英HSBCホールディングスが世界の主要金融機関が脱炭素を目指して設立した国際的な枠組み「ネットゼロ・バンキング・アライアンス(NZBA)」から脱退しました。NZBAからの脱退はトランプ米大統領が就任する公算が強まった2023年から広がっていました。
背景にはトランプ大統領の復権があります。同大統領は地球温暖化対策としての脱炭素に懐疑的で、温室効果ガスを排出する石炭や石油の採掘を「どんどん掘れ」と煽るほどの強硬派。ビジネスで脱炭素を掲げれば政権から不利益を被る可能性を恐れ、政治力学に敏感な米国の金融機関がまず反応し、日本の金融機関も追随していました。英国のHSBCが離脱すれば、欧州勢も揺らぎます。NZBAは国際的な枠組みとしての信任を失ってしまうのでしょうか。
2050年までに実質ゼロ
5年前を思い出してください。地球温暖化を唱え、脱炭素を冠した金融案件が王道のように流行しました。NZBAは温暖化ガスの排出量を2050年までに実質的にゼロにするネットゼロを目標にしています。経済の血液ともいえるマネーを握る世界の金融機関が地球温暖化対策で一致団結し、CO2などを排出する企業・産業が脱炭素に本腰を入れざるを得ない状況に追い込むのが狙いでした。国連の機関が主導して2021年4月に設立しました。

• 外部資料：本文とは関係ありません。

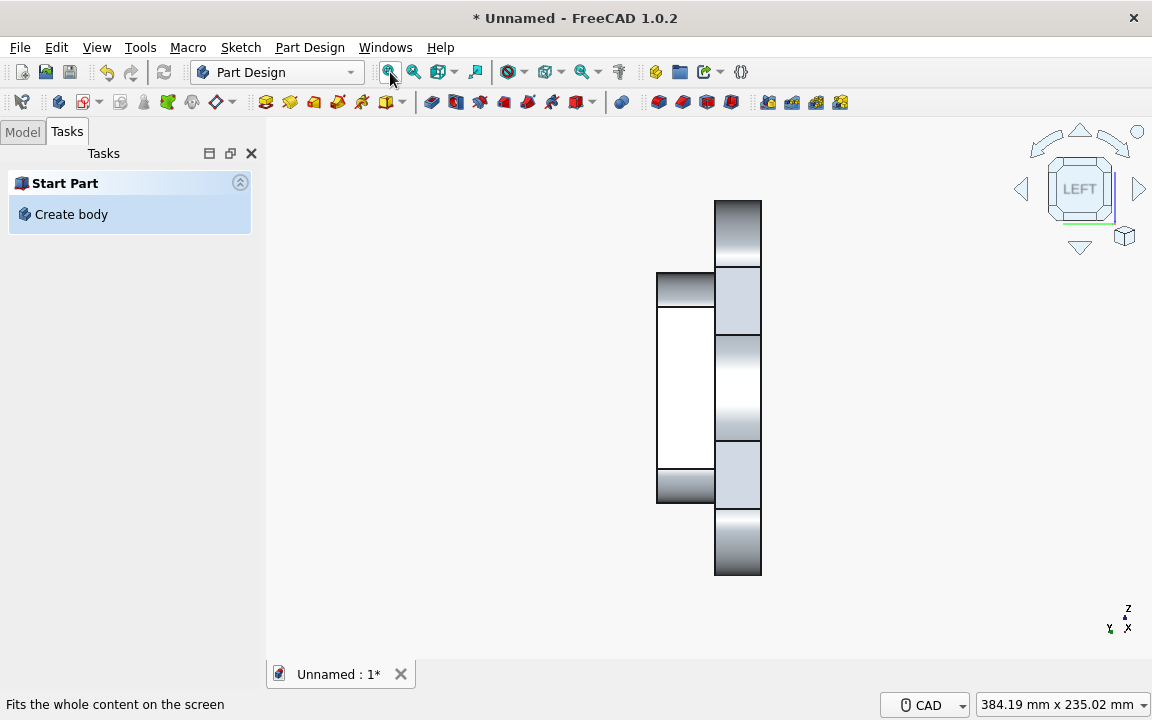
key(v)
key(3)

潮目が変わったのは2024年11月の米大統領選の行方が見えてきた頃でした。2023年からトランプ大統領の復権を確信した共和党系の政治家が脱炭素を掲げた投融資に反対する動きが強まります。投融資の審査基準に脱炭素やESG、SDGsを重視していた世界最大の投資会社、ブラックロックのCEOにも批判が集まります。
脱退は米国、日本、豪州と続く
2024年12月以降はJPモルガン・チェース、ゴールドマン・サックスなど大手が相次いで撤退しています。米国以外でもカナダのロイヤル・バンク・オブ・カナダやオーストラリアのマッコーリーも離脱。日本勢は6金融機関が加盟していましたが、2025年3月以降は三井住友FG、野村HD、三菱UFJ、農林中金、みずほFGが脱退しました。NZBAは設立から4年も持たずに空洞化してしまいそうです。
冷静に眺めれば、世界の主要金融機関の変心に驚きはありません。金融ビジネスの真骨頂は建前と本音の使い分けにあるのですから。世界の世論が地球温暖化に大きく振れている時、ただでさえ利益第一を最優先に考える「強欲」の代名詞、金融機関が脱炭素に異論を挟むわけにいきません。建前として世界の金融機関が総意をまとめ、NZBAを設立したのでしょう。
本音はやはり違いました。元々、環境やESGなどの投資案件が期待通りの収益を上げるとは考えていませんでした。ブラックロックの内部ですら環境やESGに対して批判する意見が出ていましたし、日本でも伝説の投資家と呼ばれた清原達郎さんが著書「わが投資術」で環境関連の投資に興味がないと明かしています。温暖化ガス・ゼロの目標がどのような仕組みで利益を生み出すのかわからないと吐露しています。
トランプ大統領の復権は「渡りに船」でした。NZBAに参加した金融機関は、世界の国際金融を左右する枠組みとして期待していなかったはずです。批判の矛先をかわすために建前としてCO2など温暖化ガス減少に努力する姿勢を示すしかなかったのです。HSBCは発表で「NZBAは銀行の目標達成の指針策定に役割を果たした」「多くのグローバルな同業他社と同じように脱退を決定した」と説明するのも、頷けます。
ちょっとの正義感を忘れないで
ただ、NZBAの空洞化はとても残念です。世界経済の血液ともいえる金融を握る主要金融機関が政治家ひとり変わるだけで右往左往、右顧左眄するのはとても見苦しい。日本円で兆円単位の巨額な投融資に携わっているにも関わらず、横目で米大統領を見ながらマネーをどう有効に使うのかキョロキョロするは・・・。国や企業の骨格を支えるプロジェクトが時の権力に付和雷同ですか。悲しい、寂しいというより金融機関に対する信頼、信用が根底から崩れてしまいます。
ほんのちょっとの正義感。世界の金融機関が力を合わせれば、無理なことでも可能になることを忘れないでほしい。